Simon C. Tétreault - Étudiant au baccalauréat en biologie à l'Université du Québec à Rimouski
11 avril 2008
Le gouvernement du Québec a récemment pris plusieurs décisions douteuses dans des dossiers environnementaux d'importance comme le mont Orford et le projet Rabaska. Il appert dans ces dossiers que le développement économique du Québec passe bien avant la protection de l'environnement, qui ne fait tout simplement pas le poids par rapport aux millions que fait miroiter leur réalisation. Le projet Rabaska se base tout particulièrement sur un puissant argument économique afin de justifier une profonde altération de l'environnement.

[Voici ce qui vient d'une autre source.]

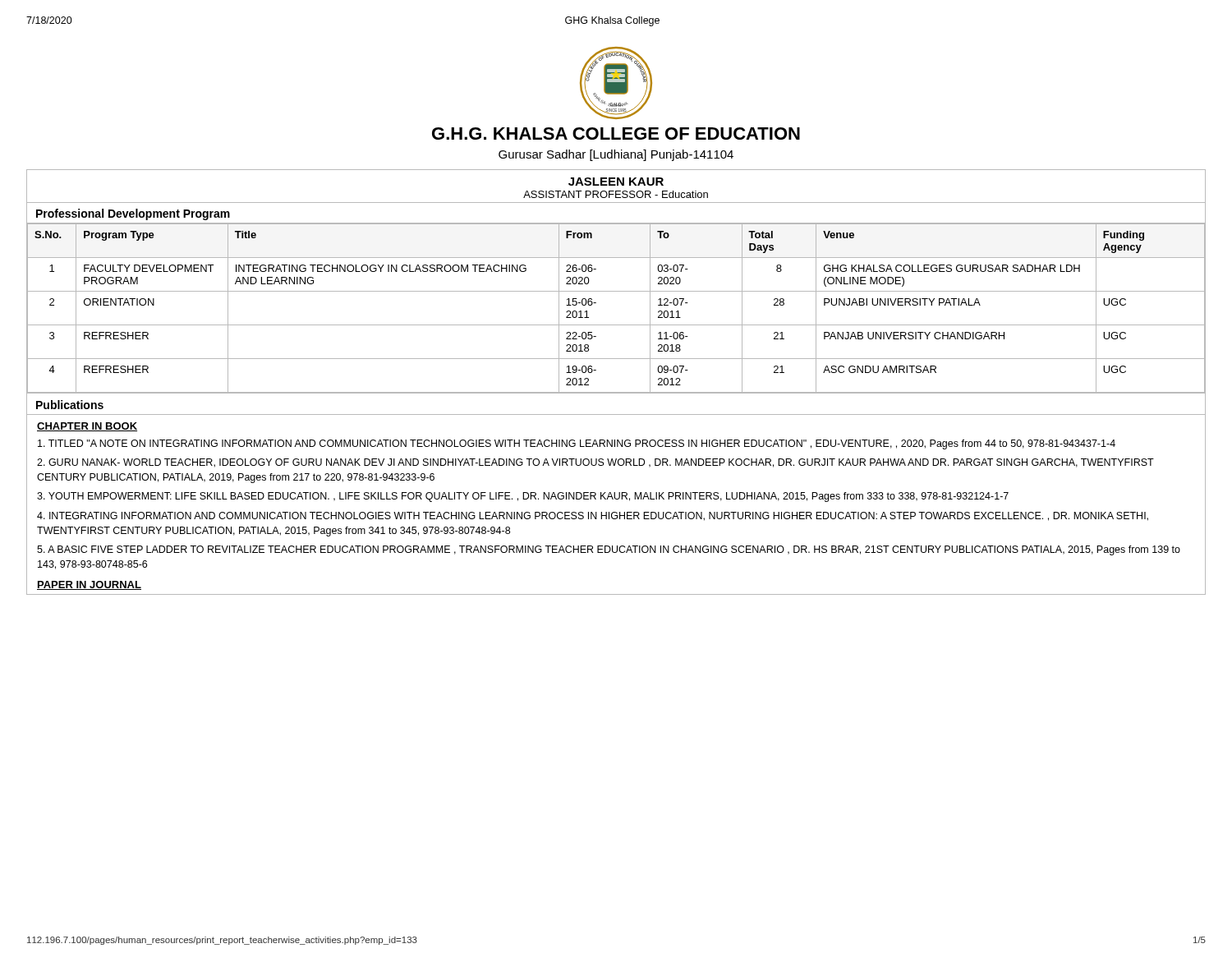The width and height of the screenshot is (1232, 953).
Task: Click on the block starting "5. A BASIC FIVE STEP"
Action: (x=609, y=557)

Qu'en est-il cependant lorsque la dégradation de l'environnement comporte des risques pour la société? C'est face à ce dilemme que le gouvernement du Québec a récemment choisi de placer les Québécois lorsqu'il a tenté d'imposer son projet d'aménagement d'un port méthanier dans la région de Lévis. Ce projet comporte cependant plusieurs failles, d'un point de vue économique, social et environnemental, qui permettent de remettre en question sa réalisation même.
Les principaux «promofiteurs» du projet, dont fait partie le ministère du Développement durable, de l'Environnement et des Parcs du Québec, font valoir une injection directe de 444 millions de dollars dans la région en trois ans ainsi que la création de 70 emplois permanents. Il serait aussi question d'un ajout de 57 millions de dollars par année découlant des activités du port méthanier et d'une diversification de l'approvisionnement énergétique du Québec, qui permettrait entre autres d'écouler une bonne partie de la production de gaz vers l'Ontario et les États de la côte Est des États-Unis.
La viabilité économique d'un tel projet n'est donc plus à démontrer, bien que la légitimité de ses fondements et les motivations réelles du gouvernement puissent être mises en doute. Il faut comprendre que le Québec n'a pas besoin de cette source additionnelle d'énergie. En effet, les sources actuelles répondent déjà amplement à la demande en fonction d'un approvisionnement provenant de l'Ouest canadien et de l'entrée en fonction prochaine de deux ports méthaniers au Nouveau-Brunswick et en Nouvelle-Écosse.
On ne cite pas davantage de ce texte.